= Prompt =
For every line in the material, output its text exactly and exclude any image it holds.

= Data records =

* * *

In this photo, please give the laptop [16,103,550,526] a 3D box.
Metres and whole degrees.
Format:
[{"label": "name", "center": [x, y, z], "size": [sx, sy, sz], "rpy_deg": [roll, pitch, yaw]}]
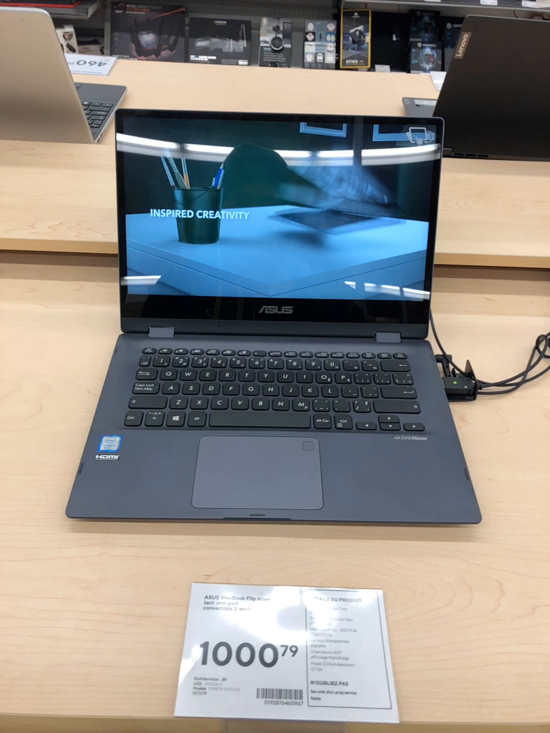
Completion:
[{"label": "laptop", "center": [0.002, -0.065, 0.536], "size": [0.319, 0.184, 0.332], "rpy_deg": [2, 44, -1]}]

* * *

= Answer to the problem =
In this photo, please give the laptop [16,103,550,526] a 3D box.
Metres and whole degrees.
Format:
[{"label": "name", "center": [x, y, z], "size": [sx, sy, sz], "rpy_deg": [roll, pitch, yaw]}]
Completion:
[{"label": "laptop", "center": [0.002, -0.065, 0.536], "size": [0.319, 0.184, 0.332], "rpy_deg": [2, 44, -1]}]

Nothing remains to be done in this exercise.